Here's a LuaLaTeX-based solution. It provides two LaTeX utility macros -- \ShowNum and \ShowGrNum -- as well as two Lua functions that perform the actual work.

Some comments:

  • Because Lua performs "just" double-precision calculations, you should not use this approach if you intend to show more than about 15 decimal digits. If you do intend to show more than 15 decimal digits, it's necessary to either pre-store the numbers of interest up to some desired level of precision, as is shown in @egreg's answer as well as in the addendum shown below, or to pursue an arbitrary-precision approach such as the one pursued in @ShreevatsaR's answer.

  • The LaTeX macro \ShowNum takes 2 arguments: The number itself, and the number of decimal digits to be shown. No grouping is performed.

    • The first argument of \ShowNum can be a constant, e.g., 12345.6789012, or something that can be evaluated meaningfully by Lua, e.g., math.exp(1), math.pi, 2*math.acos(0), or 2*math.asin(1).
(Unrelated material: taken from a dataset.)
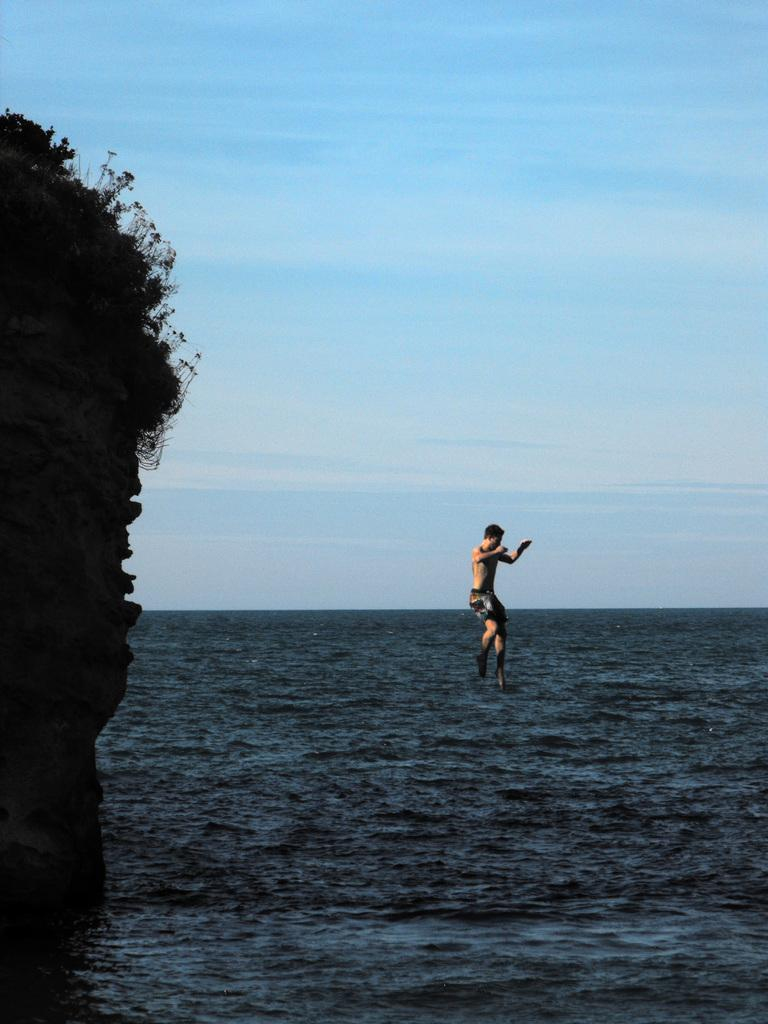What is the main subject of the image? There is a man in the air in the image. What natural feature can be seen in the image? The image contains the sea. What is visible in the background of the image? The sky is visible in the background of the image. What type of vegetation is present in the image? There are plants present in the image. What type of toy can be seen floating in the sea in the image? There is no toy present in the image; it only features a man in the air and plants. What type of beef is being cooked on the plants in the image? There is no beef or cooking activity present in the image; it only features a man in the air and plants.

    • The four arithmetic symbols +-*/ are ok in the first argument; however, don't use ^ (exponentiation) in the first argument of \ShowNum as LaTeX will interpret it as the start of superscript material. In general, be careful lest the first argument contain material that could get expanded by LaTeX in some unanticipated manner.

    • Of course, it's fine for the first argument of \ShowNum to contain LaTeX macros that expand to something that can be handled by Lua.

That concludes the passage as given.